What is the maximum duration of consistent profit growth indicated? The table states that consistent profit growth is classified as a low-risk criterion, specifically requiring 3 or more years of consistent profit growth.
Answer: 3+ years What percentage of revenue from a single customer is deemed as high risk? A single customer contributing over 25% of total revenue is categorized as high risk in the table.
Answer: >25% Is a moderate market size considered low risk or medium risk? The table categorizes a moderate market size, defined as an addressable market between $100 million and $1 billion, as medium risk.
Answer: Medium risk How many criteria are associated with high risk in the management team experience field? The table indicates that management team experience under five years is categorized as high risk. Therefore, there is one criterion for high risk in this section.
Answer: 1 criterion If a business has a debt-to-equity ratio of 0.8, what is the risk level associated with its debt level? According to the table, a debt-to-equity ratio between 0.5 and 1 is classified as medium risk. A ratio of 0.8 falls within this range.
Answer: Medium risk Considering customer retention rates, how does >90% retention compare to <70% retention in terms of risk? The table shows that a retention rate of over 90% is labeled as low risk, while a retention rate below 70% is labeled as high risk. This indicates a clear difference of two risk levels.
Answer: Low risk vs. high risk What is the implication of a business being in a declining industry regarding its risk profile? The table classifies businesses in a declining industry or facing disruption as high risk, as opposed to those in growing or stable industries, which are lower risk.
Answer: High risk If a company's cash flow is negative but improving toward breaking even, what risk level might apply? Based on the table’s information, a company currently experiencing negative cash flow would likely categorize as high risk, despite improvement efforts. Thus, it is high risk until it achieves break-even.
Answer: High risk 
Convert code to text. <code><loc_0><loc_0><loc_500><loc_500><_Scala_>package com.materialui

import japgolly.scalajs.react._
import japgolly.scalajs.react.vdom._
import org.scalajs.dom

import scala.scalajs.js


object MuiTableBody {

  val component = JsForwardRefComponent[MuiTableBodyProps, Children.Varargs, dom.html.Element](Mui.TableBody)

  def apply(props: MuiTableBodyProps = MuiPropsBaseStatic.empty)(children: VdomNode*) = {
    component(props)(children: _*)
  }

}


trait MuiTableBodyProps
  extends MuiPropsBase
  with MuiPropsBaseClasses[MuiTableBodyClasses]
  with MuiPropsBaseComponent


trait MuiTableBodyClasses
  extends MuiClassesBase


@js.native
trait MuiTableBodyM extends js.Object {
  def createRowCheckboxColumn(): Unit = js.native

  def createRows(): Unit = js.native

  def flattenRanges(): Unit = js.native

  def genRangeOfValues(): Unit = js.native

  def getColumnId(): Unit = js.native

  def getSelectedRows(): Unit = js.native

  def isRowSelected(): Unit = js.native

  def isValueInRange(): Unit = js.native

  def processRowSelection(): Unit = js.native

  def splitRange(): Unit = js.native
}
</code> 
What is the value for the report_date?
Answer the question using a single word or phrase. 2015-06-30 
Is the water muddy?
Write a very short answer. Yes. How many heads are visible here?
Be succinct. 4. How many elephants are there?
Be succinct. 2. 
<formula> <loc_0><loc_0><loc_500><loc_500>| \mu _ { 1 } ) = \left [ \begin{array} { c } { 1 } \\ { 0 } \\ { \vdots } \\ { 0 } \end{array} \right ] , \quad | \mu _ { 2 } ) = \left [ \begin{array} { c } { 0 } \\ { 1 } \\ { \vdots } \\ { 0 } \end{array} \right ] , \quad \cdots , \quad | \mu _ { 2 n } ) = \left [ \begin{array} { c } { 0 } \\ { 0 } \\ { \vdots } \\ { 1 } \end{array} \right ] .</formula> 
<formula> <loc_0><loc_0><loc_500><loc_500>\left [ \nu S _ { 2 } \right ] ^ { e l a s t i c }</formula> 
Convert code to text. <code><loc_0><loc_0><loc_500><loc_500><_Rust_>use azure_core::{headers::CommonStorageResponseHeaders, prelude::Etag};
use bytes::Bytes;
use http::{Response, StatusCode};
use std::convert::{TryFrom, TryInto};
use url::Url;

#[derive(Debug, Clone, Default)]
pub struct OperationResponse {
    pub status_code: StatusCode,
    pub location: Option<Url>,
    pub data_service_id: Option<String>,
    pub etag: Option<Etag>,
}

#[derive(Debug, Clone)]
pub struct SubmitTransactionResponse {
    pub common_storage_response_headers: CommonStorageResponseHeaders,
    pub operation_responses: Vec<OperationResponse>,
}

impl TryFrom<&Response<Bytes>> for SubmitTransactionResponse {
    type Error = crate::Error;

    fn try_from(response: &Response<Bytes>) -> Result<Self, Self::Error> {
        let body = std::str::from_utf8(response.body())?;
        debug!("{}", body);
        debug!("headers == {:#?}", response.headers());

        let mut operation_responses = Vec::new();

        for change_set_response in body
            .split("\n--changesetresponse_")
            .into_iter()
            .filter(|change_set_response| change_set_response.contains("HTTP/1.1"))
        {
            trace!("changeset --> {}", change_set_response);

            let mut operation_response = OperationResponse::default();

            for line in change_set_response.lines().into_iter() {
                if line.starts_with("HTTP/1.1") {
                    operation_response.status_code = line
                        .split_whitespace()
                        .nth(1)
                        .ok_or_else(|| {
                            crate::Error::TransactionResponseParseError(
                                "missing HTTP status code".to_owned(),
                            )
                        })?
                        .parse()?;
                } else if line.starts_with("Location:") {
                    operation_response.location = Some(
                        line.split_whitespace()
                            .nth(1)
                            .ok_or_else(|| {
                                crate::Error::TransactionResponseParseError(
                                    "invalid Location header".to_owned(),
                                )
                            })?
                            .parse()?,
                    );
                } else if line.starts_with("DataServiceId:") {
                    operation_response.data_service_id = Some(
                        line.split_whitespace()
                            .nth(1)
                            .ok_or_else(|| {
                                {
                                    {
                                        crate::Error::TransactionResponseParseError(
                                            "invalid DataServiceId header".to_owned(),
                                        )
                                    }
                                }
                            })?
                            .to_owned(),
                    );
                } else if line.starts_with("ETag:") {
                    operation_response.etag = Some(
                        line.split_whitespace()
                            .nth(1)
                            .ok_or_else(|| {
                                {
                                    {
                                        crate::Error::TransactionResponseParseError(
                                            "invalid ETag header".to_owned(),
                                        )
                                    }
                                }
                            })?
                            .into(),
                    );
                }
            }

The task: Lines in the data that include the word "between" should all be copied.

Solution:
Answer: >25% Is a moderate market size considered low risk or medium risk? The table categorizes a moderate market size, defined as an addressable market between $100 million and $1 billion, as medium risk.
Answer: 1 criterion If a business has a debt-to-equity ratio of 0.8, what is the risk level associated with its debt level? According to the table, a debt-to-equity ratio between 0.5 and 1 is classified as medium risk. A ratio of 0.8 falls within this range.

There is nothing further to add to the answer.